┌─ RECORDED INFORMATION
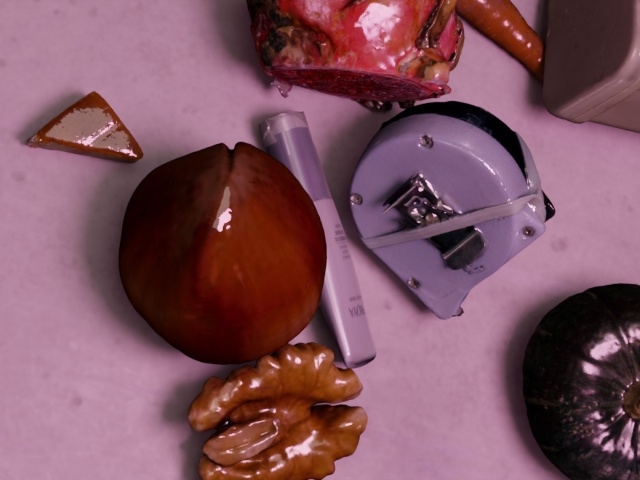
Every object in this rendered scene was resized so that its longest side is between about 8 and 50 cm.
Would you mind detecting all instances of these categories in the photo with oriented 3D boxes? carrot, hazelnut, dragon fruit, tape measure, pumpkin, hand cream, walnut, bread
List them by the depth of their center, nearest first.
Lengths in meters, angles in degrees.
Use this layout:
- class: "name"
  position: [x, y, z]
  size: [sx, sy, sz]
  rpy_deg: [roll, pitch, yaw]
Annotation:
- class: "hazelnut"
  position: [-0.086, 0.001, 1.426]
  size: [0.208, 0.208, 0.208]
  rpy_deg: [3, 81, -19]
- class: "walnut"
  position: [-0.043, 0.162, 1.485]
  size: [0.170, 0.069, 0.143]
  rpy_deg: [-14, 108, -19]
- class: "bread"
  position: [-0.217, -0.108, 1.485]
  size: [0.109, 0.043, 0.062]
  rpy_deg: [7, 82, -17]
- class: "dragon fruit"
  position: [0.045, -0.195, 1.505]
  size: [0.282, 0.211, 0.147]
  rpy_deg: [18, 66, -54]
- class: "tape measure"
  position: [0.117, -0.038, 1.521]
  size: [0.181, 0.182, 0.107]
  rpy_deg: [38, 41, -4]
- class: "hand cream"
  position: [0.000, 0.000, 1.538]
  size: [0.079, 0.048, 0.255]
  rpy_deg: [-11, 81, -65]
- class: "pumpkin"
  position: [0.299, 0.145, 1.570]
  size: [0.212, 0.152, 0.211]
  rpy_deg: [2, 83, -14]
- class: "carrot"
  position: [0.206, -0.205, 1.650]
  size: [0.216, 0.048, 0.048]
  rpy_deg: [42, 71, -15]

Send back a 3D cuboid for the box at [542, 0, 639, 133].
- class: "box"
  position: [0.428, -0.266, 1.648]
  size: [0.344, 0.177, 0.352]
  rpy_deg: [13, 70, -18]
└─
**TASK BRIEF:**
Give back the full data exactly as it reads, but drop the pictures.

**ANSWER SPACE:**
Every object in this rendered scene was resized so that its longest side is between about 8 and 50 cm.
Would you mind detecting all instances of these categories in the photo with oriented 3D boxes? carrot, hazelnut, dragon fruit, tape measure, pumpkin, hand cream, walnut, bread
List them by the depth of their center, nearest first.
Lengths in meters, angles in degrees.
Use this layout:
- class: "name"
  position: [x, y, z]
  size: [sx, sy, sz]
  rpy_deg: [roll, pitch, yaw]
Annotation:
- class: "hazelnut"
  position: [-0.086, 0.001, 1.426]
  size: [0.208, 0.208, 0.208]
  rpy_deg: [3, 81, -19]
- class: "walnut"
  position: [-0.043, 0.162, 1.485]
  size: [0.170, 0.069, 0.143]
  rpy_deg: [-14, 108, -19]
- class: "bread"
  position: [-0.217, -0.108, 1.485]
  size: [0.109, 0.043, 0.062]
  rpy_deg: [7, 82, -17]
- class: "dragon fruit"
  position: [0.045, -0.195, 1.505]
  size: [0.282, 0.211, 0.147]
  rpy_deg: [18, 66, -54]
- class: "tape measure"
  position: [0.117, -0.038, 1.521]
  size: [0.181, 0.182, 0.107]
  rpy_deg: [38, 41, -4]
- class: "hand cream"
  position: [0.000, 0.000, 1.538]
  size: [0.079, 0.048, 0.255]
  rpy_deg: [-11, 81, -65]
- class: "pumpkin"
  position: [0.299, 0.145, 1.570]
  size: [0.212, 0.152, 0.211]
  rpy_deg: [2, 83, -14]
- class: "carrot"
  position: [0.206, -0.205, 1.650]
  size: [0.216, 0.048, 0.048]
  rpy_deg: [42, 71, -15]

Send back a 3D cuboid for the box at [542, 0, 639, 133].
- class: "box"
  position: [0.428, -0.266, 1.648]
  size: [0.344, 0.177, 0.352]
  rpy_deg: [13, 70, -18]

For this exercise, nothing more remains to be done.